In patients with native meningitis, CSF will be aspirated by lumbar puncture, according the standard practice.

Laboratory procedure

• Immediately after aspiration, 0.5-1 ml of cerebrospinal fluid will be transferred into each of the following vials:

  • native vial for conventional culture (agar plate & broth)
  • EDTA vial for the determination of leukocyte count and differential
  • pediatric blood culture bottle (BacTec PedsPlus/F)
  • native vial for biomarker detection (e.g. D-Lactate, procalcitonin interleukin-6, alpha-defensin (ELISA) and additional tests (e.g. PCR)

• The D-lactate test will be performed using spectrophotometric enzyme assay according to the manufacturer's instructions (D-Lactate Colorimetric Assay. Sigma-Aldrich, St. Louis, Missouri, USA) as follows: the reaction mixture containing 10 µl of cerebrospinal fluid samples, 2 µl of substrate mix and 2 µl of enzyme mix and blank containing only the sample and substrate mix will be analyzed for each sample. A calibration curve with solutions of D-lactate (monolithium salt) in water will be processed in each batch. The mixture will be incubated at room temperature for 30 min and absorbance at 450 nm determined by Microplate Absorbance Reader. The optical density of each sample will be recalculated into D-lactate concentration in mmol.

• The test will be performed by two trained medical laboratory technical assistants, who are available during 12 hours on working days.

• All CSF aspirates and growing microorganisms (including those growing from intraoperative samples, such as peri-implant tissue or sonication fluid) will be stored in a biobank at -70°C. This fluid and culture collection allows subsequent additional analysis to assure the correct diagnosis.

Statistical analysis:

For device-associated meningitis it is assumed that 30-40% of the CSF samples are infected and the difference in sensitivity between D-lactate and conventional tests is 10% (90% for D-lactate vs. 80% for conventional tests). For native meningitis it is assumed that 10% of the CSF samples are infected and the difference in sensitivity between D-lactate and conventional tests is 20% (95% for D-lactate vs. 75% for conventional tests). Proof of non-inferiority between the two tests is provided by a one-sided two-group test of the percentage values. The non-inferiority is determined at a difference of 10% and can be shown for foreign material-associated meningitis in 458 patients and for native meningitis in 198 patients at a significance level of 5% and a power of 80%. The power calculation was performed with nQuery Advisor 7.0. Depending on the scale-type of data, the descriptive results are expressed as mean ± SD or number of subjects (percentage). Categorical variables will be compared using x2 or Fisher's exact tests, as appropriate. Continuous variables will be compared using the Wilcoxon rank-sum test. A p value <0.05 will be considered statistically significant. Test results will be evaluated with sensitivity, specificity, positive predictive value, negative predictive value, accuracy and statistical significance will be assessed with McNemar's Chi-squared test or a binomial test depending on sample size. All p-values from secondary analyses will be considered in a non-confirmatory exploratory manner. For statistical analyses the program packages SPSS (SPSS 10.0 for Windows, SPSS, USA) and the program package R (most recent version at time of analysis) will be used.

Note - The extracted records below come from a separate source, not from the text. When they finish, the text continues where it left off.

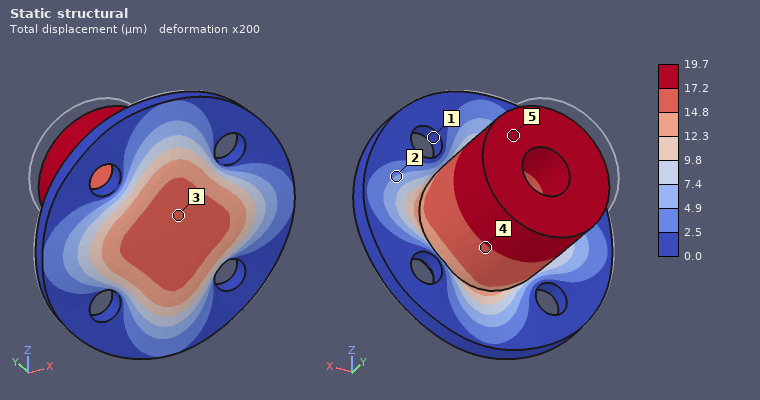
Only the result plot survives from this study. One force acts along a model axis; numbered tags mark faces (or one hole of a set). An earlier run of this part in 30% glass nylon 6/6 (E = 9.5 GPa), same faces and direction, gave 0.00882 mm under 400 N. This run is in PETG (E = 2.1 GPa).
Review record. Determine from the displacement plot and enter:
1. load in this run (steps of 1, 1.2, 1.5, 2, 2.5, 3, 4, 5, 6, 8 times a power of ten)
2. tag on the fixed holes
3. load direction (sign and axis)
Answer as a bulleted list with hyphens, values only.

- 200 N
- 1
- -Y
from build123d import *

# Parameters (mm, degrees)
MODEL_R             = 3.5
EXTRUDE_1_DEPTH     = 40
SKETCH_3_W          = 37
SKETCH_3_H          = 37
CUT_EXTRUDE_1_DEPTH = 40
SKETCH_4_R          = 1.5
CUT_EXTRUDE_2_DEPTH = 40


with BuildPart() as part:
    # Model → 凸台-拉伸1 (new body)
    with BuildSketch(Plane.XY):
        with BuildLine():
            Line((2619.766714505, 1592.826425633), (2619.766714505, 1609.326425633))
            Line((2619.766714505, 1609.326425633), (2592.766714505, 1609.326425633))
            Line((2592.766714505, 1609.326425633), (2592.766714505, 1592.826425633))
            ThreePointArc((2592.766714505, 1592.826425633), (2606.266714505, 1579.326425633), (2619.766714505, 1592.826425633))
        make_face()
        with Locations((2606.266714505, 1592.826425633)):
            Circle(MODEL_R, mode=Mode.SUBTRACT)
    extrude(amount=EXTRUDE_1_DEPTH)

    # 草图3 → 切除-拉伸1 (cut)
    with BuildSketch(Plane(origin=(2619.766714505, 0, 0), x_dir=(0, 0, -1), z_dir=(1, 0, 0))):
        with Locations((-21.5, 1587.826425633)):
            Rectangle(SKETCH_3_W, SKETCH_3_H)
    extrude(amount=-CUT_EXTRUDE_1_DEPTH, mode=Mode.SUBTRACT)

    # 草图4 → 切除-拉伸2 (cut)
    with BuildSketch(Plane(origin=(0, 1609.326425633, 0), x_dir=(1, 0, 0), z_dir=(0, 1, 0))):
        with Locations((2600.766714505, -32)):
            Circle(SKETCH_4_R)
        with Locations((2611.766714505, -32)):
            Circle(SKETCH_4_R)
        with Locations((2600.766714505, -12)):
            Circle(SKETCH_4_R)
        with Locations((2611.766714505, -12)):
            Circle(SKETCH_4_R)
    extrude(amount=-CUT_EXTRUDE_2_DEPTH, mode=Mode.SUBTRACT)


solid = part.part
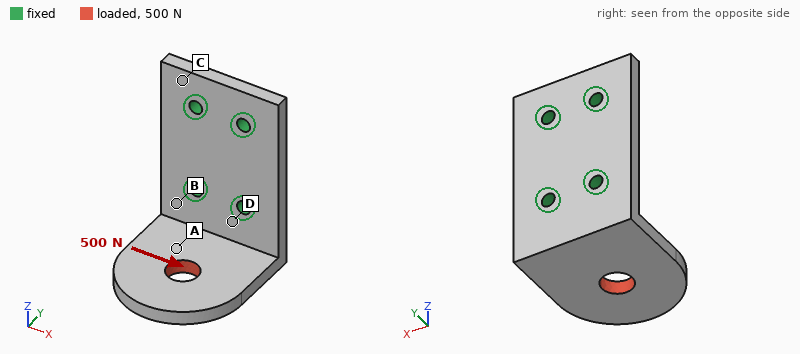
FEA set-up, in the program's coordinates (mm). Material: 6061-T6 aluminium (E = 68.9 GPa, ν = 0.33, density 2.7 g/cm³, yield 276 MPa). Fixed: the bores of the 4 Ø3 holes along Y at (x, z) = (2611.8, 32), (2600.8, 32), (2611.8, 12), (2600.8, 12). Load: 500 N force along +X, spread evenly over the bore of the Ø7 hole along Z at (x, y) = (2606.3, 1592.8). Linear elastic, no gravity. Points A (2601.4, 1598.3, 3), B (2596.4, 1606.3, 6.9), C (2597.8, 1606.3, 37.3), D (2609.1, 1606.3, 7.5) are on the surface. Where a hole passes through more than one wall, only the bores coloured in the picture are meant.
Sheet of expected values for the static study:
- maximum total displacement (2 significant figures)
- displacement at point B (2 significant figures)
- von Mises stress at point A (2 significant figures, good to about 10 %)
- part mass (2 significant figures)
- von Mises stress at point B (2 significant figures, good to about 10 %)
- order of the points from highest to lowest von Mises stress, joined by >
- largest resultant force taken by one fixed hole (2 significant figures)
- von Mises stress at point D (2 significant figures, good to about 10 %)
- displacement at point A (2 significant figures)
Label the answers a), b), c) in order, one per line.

a) 0.16 mm
b) 0.025 mm
c) 27 MPa
d) 13 g
e) 60 MPa
f) D > B > A > C
g) 630 N
h) 87 MPa
i) 0.062 mm
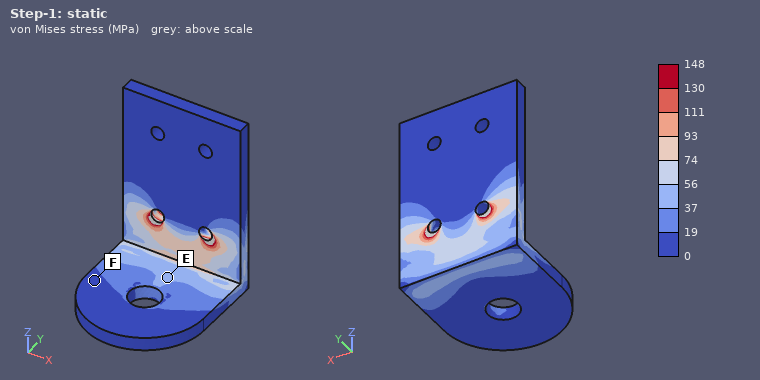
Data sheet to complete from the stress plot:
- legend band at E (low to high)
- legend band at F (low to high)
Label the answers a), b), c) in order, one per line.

a) 37 to 56 MPa
b) 0 to 19 MPa
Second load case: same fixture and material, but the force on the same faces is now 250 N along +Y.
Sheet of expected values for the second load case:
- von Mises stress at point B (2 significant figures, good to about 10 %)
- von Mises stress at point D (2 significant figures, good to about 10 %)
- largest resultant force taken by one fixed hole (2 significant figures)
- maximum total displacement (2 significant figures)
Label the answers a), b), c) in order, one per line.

a) 27 MPa
b) 35 MPa
c) 140 N
d) 93 µm
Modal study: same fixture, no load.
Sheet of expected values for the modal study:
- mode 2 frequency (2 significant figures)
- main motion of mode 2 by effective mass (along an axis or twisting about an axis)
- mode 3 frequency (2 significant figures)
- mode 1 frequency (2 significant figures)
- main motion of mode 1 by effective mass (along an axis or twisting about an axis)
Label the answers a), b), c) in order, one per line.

a) 4700 Hz
b) along X
c) 8800 Hz
d) 2300 Hz
e) along Z

Investigators plan to include a total of 600 patients with device-associated meningitis and 220 patients with native meningitis. The high number of cases is indicated because investigators only expect a 30-40% infection rate for the foreign device-associated meningitis and a 10% infection rate for the native meningitis as well as a 10-15% drop-out rate (e.g. lack of leukocyte count or culture).